The reason you can imagine a lambda to look like this is because the exact layout (padding, alignment, etc) is compiler dependent according to the specification. However, it should make more sense now how values are "captured" by the lambda and the difference between capturing a reference (no copy) and capturing a value (copy).
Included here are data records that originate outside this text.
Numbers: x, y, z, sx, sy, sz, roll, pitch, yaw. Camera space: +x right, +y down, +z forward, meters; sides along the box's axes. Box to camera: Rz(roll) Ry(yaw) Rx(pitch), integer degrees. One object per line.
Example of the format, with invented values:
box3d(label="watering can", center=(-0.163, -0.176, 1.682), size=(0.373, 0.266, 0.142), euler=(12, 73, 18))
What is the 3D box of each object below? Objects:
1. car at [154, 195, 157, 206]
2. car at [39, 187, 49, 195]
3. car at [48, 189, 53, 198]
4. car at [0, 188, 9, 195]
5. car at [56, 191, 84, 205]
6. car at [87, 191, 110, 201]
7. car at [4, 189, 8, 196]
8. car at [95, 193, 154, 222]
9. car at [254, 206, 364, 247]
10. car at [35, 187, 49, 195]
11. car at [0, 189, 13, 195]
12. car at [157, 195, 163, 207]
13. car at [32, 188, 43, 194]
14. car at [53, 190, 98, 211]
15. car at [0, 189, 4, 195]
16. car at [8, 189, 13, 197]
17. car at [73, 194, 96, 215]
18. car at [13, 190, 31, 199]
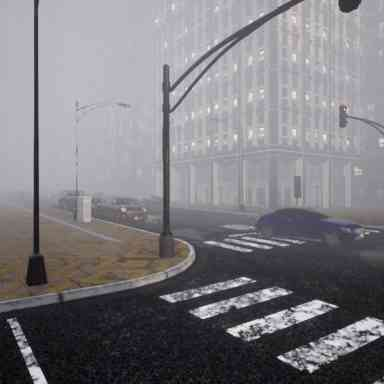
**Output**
box3d(label="car", center=(-5.377, 1.076, 27.761), size=(2.033, 1.411, 5.357), euler=(0, 1, -36))
box3d(label="car", center=(-33.501, -0.021, 77.050), size=(1.887, 1.381, 4.507), euler=(1, 0, -36))
box3d(label="car", center=(-23.089, 0.378, 58.018), size=(1.812, 1.442, 4.674), euler=(0, 1, -36))
box3d(label="car", center=(-43.513, -0.113, 76.642), size=(1.887, 1.381, 4.507), euler=(1, 0, -36))
box3d(label="car", center=(-15.343, 0.690, 41.739), size=(2.128, 1.511, 4.902), euler=(0, 1, -35))
box3d(label="car", center=(-14.036, 0.643, 49.839), size=(1.947, 1.339, 4.313), euler=(1, 0, -36))
box3d(label="car", center=(-33.783, 0.208, 63.041), size=(1.887, 1.381, 4.507), euler=(1, 0, -36))
box3d(label="car", center=(-4.592, 1.068, 22.239), size=(1.967, 1.590, 4.097), euler=(1, 0, -36))
box3d(label="car", center=(4.936, 1.376, 14.544), size=(4.674, 1.442, 1.812), euler=(1, 1, 45))
box3d(label="car", center=(-36.740, -0.357, 81.585), size=(2.192, 1.841, 5.009), euler=(1, 0, -36))
box3d(label="car", center=(-40.271, 0.015, 72.108), size=(1.947, 1.339, 4.313), euler=(1, 0, -36))
box3d(label="car", center=(-4.303, 0.982, 36.233), size=(1.802, 1.307, 4.206), euler=(1, 0, -36))
box3d(label="car", center=(-39.990, -0.213, 86.121), size=(1.947, 1.339, 4.313), euler=(1, 0, -36))
box3d(label="car", center=(-11.075, 0.729, 31.306), size=(2.192, 1.841, 5.009), euler=(1, 0, -36))
box3d(label="car", center=(-37.027, 0.107, 67.575), size=(2.008, 1.369, 4.403), euler=(1, 0, -36))
box3d(label="car", center=(-30.540, 0.321, 58.508), size=(2.008, 1.369, 4.403), euler=(1, 0, -36))
box3d(label="car", center=(-7.839, 1.103, 26.773), size=(1.802, 1.307, 4.206), euler=(1, 0, -36))
box3d(label="car", center=(-27.297, 0.422, 53.974), size=(1.887, 1.381, 4.507), euler=(1, 0, -36))
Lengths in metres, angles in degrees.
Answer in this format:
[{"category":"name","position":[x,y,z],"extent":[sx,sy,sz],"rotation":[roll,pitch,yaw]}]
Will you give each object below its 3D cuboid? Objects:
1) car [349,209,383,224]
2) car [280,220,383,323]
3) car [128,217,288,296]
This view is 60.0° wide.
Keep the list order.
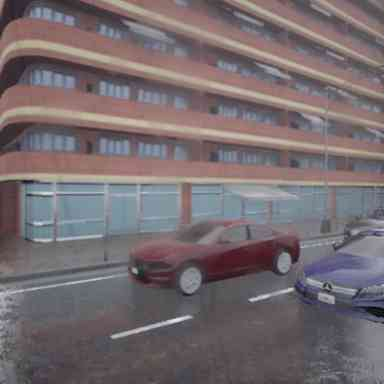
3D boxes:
[{"category":"car","position":[8.480,1.483,14.322],"extent":[4.902,1.511,2.128],"rotation":[0,0,-35]},{"category":"car","position":[4.152,1.522,6.934],"extent":[4.674,1.442,1.812],"rotation":[0,0,-35]},{"category":"car","position":[0.772,1.474,8.826],"extent":[5.008,1.535,1.882],"rotation":[0,0,-35]}]
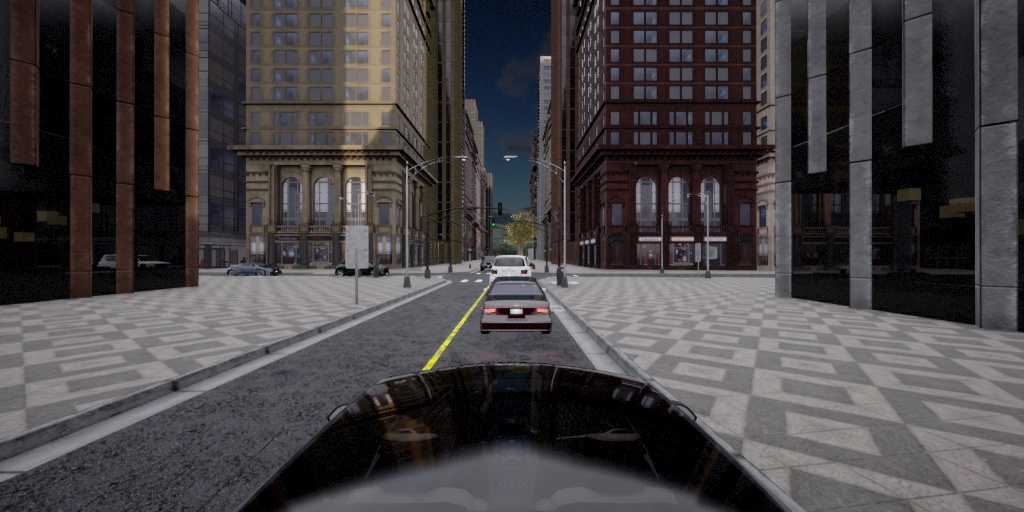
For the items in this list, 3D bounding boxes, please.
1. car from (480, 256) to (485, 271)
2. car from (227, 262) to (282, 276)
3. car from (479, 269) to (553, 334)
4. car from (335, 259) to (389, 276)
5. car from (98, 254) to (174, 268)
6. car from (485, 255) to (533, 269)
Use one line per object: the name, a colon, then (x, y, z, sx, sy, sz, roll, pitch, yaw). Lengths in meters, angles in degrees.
car: (-3.138, 0.970, 49.446, 2.150, 2.045, 5.566, 0, 0, -1)
car: (-23.866, 1.237, 33.296, 4.181, 1.385, 1.994, 0, 0, 0)
car: (0.089, 1.297, 10.581, 2.033, 1.411, 5.357, 0, 0, 0)
car: (-13.829, 1.053, 33.282, 4.553, 1.767, 2.097, 0, 0, 0)
car: (-34.884, 0.869, 33.301, 5.566, 2.045, 2.150, 0, 0, 0)
car: (0.023, 0.972, 21.099, 2.150, 2.045, 5.566, 0, 0, 4)

Note that it is possible to allocate a lambda on the heap, even though the default is to allocate on the stack. Since a lambda is just an object, it can be heap allocated with the new keyword, such as:

auto printPerson = new auto ([age, &name](bool includeAge) -> void {
    // function body
});

Note the only additional bit of syntax is that we must wrap the lambda in parens ().

Consuming

Cpp

#include <cstdlib>
#include <functional>
#include <iostream>
#include <string>

void sendEmail(std::string to, std::string from, std::string subject,
               std::string body,
               std::function<void(std::string)> success_cb,
               std::function<void(std::string)> failure_cb) {
    if (std::rand() > 0.5) {
        success_cb(to);
    } else {
        failure_cb(to);
    }
}

int main() {
    sendEmail("you@your_domain.com", "me@my_domain.com",
        "Very Important Email",
        "TODO: remember to write email body. :-D",
        [](std::string to) -> void {
            std::cout << "Successful email sent to: " << to << "\n";
        },
        [](std::string to) -> void {
            std::cout << "OH NO! Very important email not sent to "
                      << to
                      << "\n";
        });
}

Ruby

def sendEmail(to, from, subject, body, success_cb, failure_cb)
  if rand > 0.5
    success_cb.call(to)
  else
    failure_cb.call(to)
  end
end

sendEmail('you@your_domain.com', 'me@my_domain.com',
          'Very Important Email',
          'TODO: remember to write email body. :-D',
          ->(to) { puts "Succcessful email sent to #{to}" },
          ->(to) { puts "OH NO! Very important email not sent to #{to}" })

What This Code Does

sendEmail is a user-defined function that sends and email and then calls one of two callbacks provided by the user. This shows how to receive (consume) lambdas in your own code.

What's Different

Consuming lambdas in user-defined functions is very straight forward. The main difference here, yet again, is that the C++ version has to do slightly more work in order to define all of the types. Beyond the type declarations, the two versions are very similar.